The parties agree to modify this Agreement, the
timing (but not the amount) of the severance payments, or both to
the extent necessary to comply with Section 409A of the
Internal Revenue Code of 1986, as amended (the “Code”),
Notwithstanding any other provision of this Agreement to the
contrary, the aggregate amount of compensation or benefits payable
by ProQuest or its affiliates to you pursuant to this Agreement or
otherwise shall be reduced to the maximum amount that can be so
provided without any portion of such compensation and benefits
being subject to any excise tax imposed by Section 4999 of the
Code. If a reduction is required under this Section, then ProQuest
shall first reduce your taxable cash-based benefits under this
Agreement, and then, if necessary, your equity-based compensation
(based on the value of such equity-based compensation as a
parachute payment under Section 280G of the Code).
10.
Company Right to Recover Payments under This Agreement
.
You hereby agree that, if it is ever determined
by ProQuest that any action or inaction by you constituted
misconduct, breach of fiduciary duty to ProQuest, fraud, or grounds
for termination for Cause, then ProQuest may recover all of any
award or payment made to you pursuant to this Agreement, and you
agree to repay and return any such award or payment to ProQuest.

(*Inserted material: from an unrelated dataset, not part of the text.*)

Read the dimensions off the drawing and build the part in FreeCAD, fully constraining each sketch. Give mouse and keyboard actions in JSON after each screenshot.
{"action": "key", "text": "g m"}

ProQuest may, in its sole discretion, affect any such recovery by
(i) obtaining repayment directly from you; (ii) setting off
the amount owed to it against any amount or award that would
otherwise be payable by ProQuest to you, or (iii) any
combination of (i) and (ii) above.
If any court or governmental authority declares
one or more parts of this Agreement to be unlawful or invalid, such
unlawfulness or invalidity shall not invalidate any part of this
Agreement not declared to be unlawful or invalid. Any part so
declared to be unlawful or invalid shall, if possible, be construed
in a manner that will give effect to the terms of such part to the
fullest extent possible while remaining lawful and
valid.
12.
Descriptive Headings .
The descriptive headings of this Agreement are
inserted for convenience only and do not constitute a part of this
Agreement.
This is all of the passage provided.